De nuit, par - 5 °C, exercer la médecine ou pratiquer des actes infirmiers dans ces conditions est un défi... que Soins pour tous relève avec un budget dérisoire de 4 500 euros par an, grâce à des professionnels motivés comme Alice, 24 ans, infirmière diplômée depuis un peu plus d'un an. La jeune bénévole se propose d'examiner Pierrette et Marguerite, venues voir le « docteur », exceptionnellement absent ce soir. Pierrette se plaint de « boutons » et de démangeaisons dans le cou.

Aidée par sa collègue Nicole, qui use de son téléphone portable pour éclairer le cuir chevelu, Alice inspecte la tête de Pierrette. Rien de grave cette fois : ce ne sont que des poux, mais ils seront difficiles à éliminer tant les conditions de vie de Pierrette sont précaires.

Langage adapté

La quadragénaire repart avec une bouteille de shampoing et un papier. « Je lui ai écrit ce qu'il faut qu'elle achète en pharmacie, explique Nicole. Le problème, c'est que les produits antipoux efficaces coûtent rapidement une dizaine d'euros. Et quand on n'a déjà pas de quoi se payer à manger... »

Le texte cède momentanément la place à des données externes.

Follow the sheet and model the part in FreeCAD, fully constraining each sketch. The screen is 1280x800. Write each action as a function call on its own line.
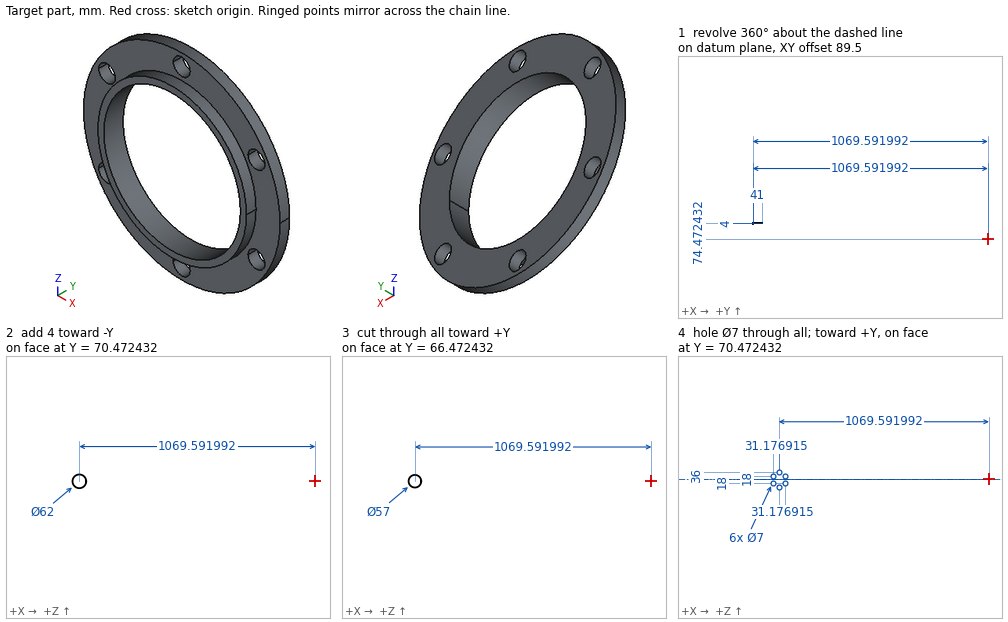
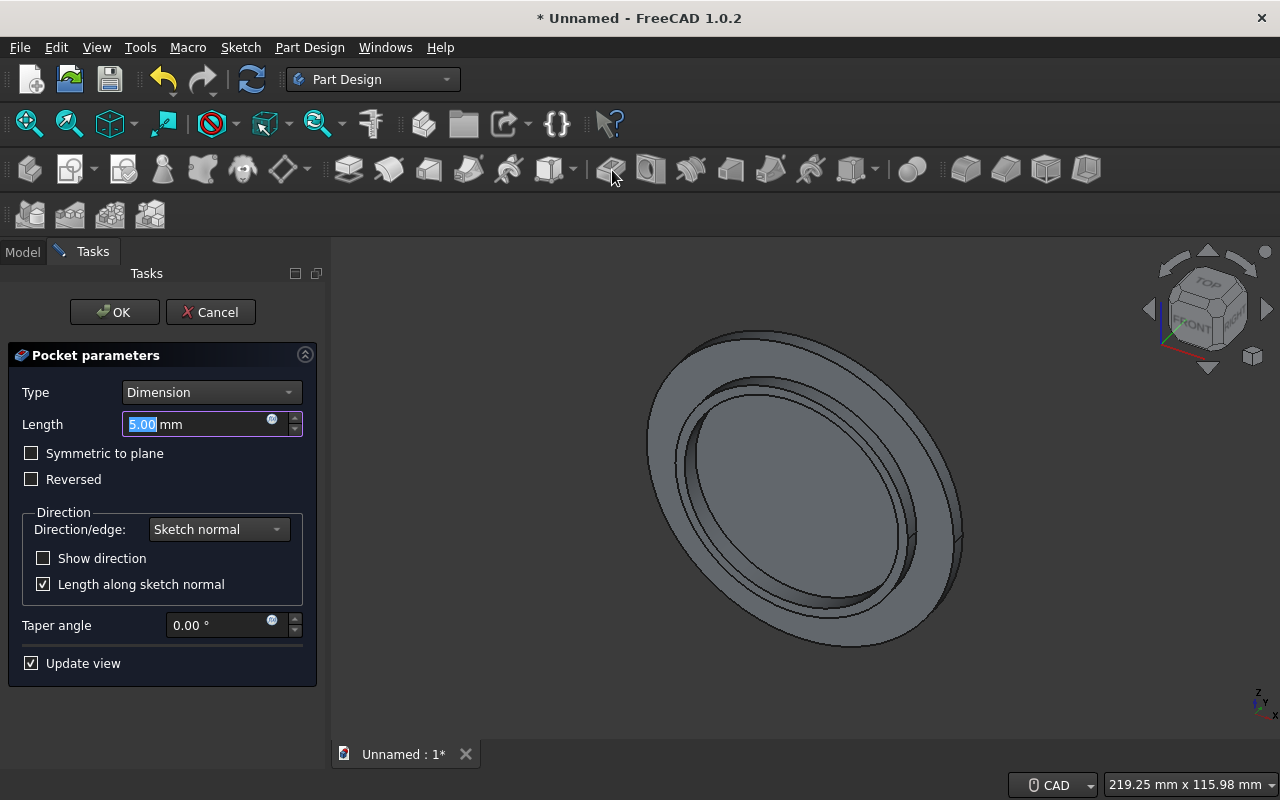
click(212, 392)

Marguerite, elle, se plaint de démangeaisons aux mains. Nicole reconnaît entre les doigts de sa patiente les sillons caractéristiques de la gale. Le médecin avec lequel Marguerite a rendez-vous le surlendemain pourra lui administrer un traitement, mais en attendant, l'infirmière recommande de laver tous les vêtements et tout le linge de lit à 60 degrés et d'éviter de « dormir avec le mari ». Ce conseil fait sourire Marguerite. « A-t-elle bien compris ? », s'interroge Nicole une fois sa patiente partie. « Adapter le niveau de langage à la personne » fait partie des missions les plus délicates et essentielles de l'infirmière, note-t-elle.

Après s'être arrêtée au dernier point de rendez-vous, la maraude poursuit son parcours en sillonnant les rues de Rouen à la recherche de personnes en détresse. Sur la place du Vieux-Marché, l'équipe repère une dame couchée sous un porche d'église. Martine s'apprête à dormir dans son sac de couchage, sur un banc de pierre, à peine abritée du vent.

En route pour l'hôtel

Si nul ne peut contraindre un sans-domicile fixe à rejoindre un foyer d'hébergement d'urgence, le Plan grand froid oblige les bénévoles à proposer une alternative à ceux qui dorment dehors. « Si on vous trouve une place avec le 115, vous y allez ? », demande Jean-Paul, bénévole de L'Autobus. La dame est sceptique mais acquiesce. Le temps de passer les coups de fil, Nicole propose à Martine une couverture de survie neuve pour remplacer la sienne, toute fripée. Un hôtel finit par répondre. Alors les bénévoles aident Martine à se lever et à rassembler ses affaires qui tiennent dans un carton. « Je ne réalise pas, là », lâche la jeune femme quand le camion s'ébranle.